Алексей Петрович словно заново переживал те события – откинувшись в кресле, он смотрел куда-то в потолок, оказавшись в своём студенческом прошлом.

– Председатель выскочил из машины и давай орать что-то на тему «Снимайте скорее, вызывайте «скорую!» А сам к столбу бежит и тянет за трос. Руки себе изрезал, мы же ему потом и бинтовали. Тянет, дёргает; наши из общаги высыпали и встали вдоль дома – а последним Двуреченский вышел, майор с военки, подтяжки на ходу закидывает и всех раздвигает, как ледокол. Только он из толпы выдвинулся, как наш Страшила такого резкого спуска не выдержал, зацепился за что-то и на середине порвался. Там, где у него, если можно так сказать, была талия. И штаны на председателя упали.
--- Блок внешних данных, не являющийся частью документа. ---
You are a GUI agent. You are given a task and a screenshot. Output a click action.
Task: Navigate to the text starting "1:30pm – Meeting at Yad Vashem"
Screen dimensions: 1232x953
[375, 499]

– Инфаркт? – уточнил Москалёв.

– Да почти, – посмотрел на него Лазарев. – У нас ведь про то, что он соломенный, знали то ли три человека, то ли четыре. Когда он порвался, почти все девчонки синхронно вскрикнули, а Двуреченский такое завернул, что даже парни, что в армии служили, на него на секунду обернулись. Короче, председатель штаны поймал, сообразил, что к чему, но на ногах удержаться не сумел от нервного напряжения. Сел на землю, оглянулся – и видит, что на него сто человек смотрят. Тут-то мы и узнали, что такое здоровая мотивирующая злость. Совсем не та, из-за которой мы этого камуфляжного Страшилу штопали и набивали. Председатель встал, взял эти штаны и пошёл к нам, а они по земле волочатся. Просто кадр из фильма «Зловещие мертвецы». Идёт и матом кроет так, что стекла в общаге звенят. И среди этого потока без падежей один вопрос был: «Кто?» Алексей Петрович вздохнул.
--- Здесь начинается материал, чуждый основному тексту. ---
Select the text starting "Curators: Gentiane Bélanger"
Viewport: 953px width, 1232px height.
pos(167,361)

– Никто никого не сдал, хотя понять можно было запросто, чей камуфляж. Двуреченский мимо Лагутенко прошёл, зыркнул на него, но ничего не сказал. А колхозную зарплату нам выплатили. На следующий день. И сразу же всех в автобус и по домам, пообедать даже не дали.

Лазарев посмотрел на коллег и добавил:

– Вывод из этой истории простой: главное, чтобы одна злость с другой не сильно пересекалась. А то за столом профессор с оперирующим хирургом котёнка своего разорвали бы нахрен. Каждый бы хотел зашить. Думаете, не бывает такого никогда? «Нет, я сам начал, я сам и закончу!»

Добровольский промолчал, потому что думал он немного по-другому. Да, истории и профессора, и Лазарева хорошо иллюстрировали ту самую злость, которая могла и стимулировать к созиданию, и разрушать. Но он точно знал, что именно двигало лично им тогда ночью в реанимации.

То, что заставило его поставить зонд – то же и помогло бригаде хирургов удачно завершить операцию на сердце.

Это был – страх.

Именно с ним инструменты передаются более опытным ассистентам, и с ним их берут те, на кого остаётся последняя надежда.

Это не страх за себя или за пациента – какой-то очень глубокий, без конкретной точки приложения. Страх вообще всего, что происходит; необратимости, ответственности, сжигания мостов, ошибки и предопределённости финала.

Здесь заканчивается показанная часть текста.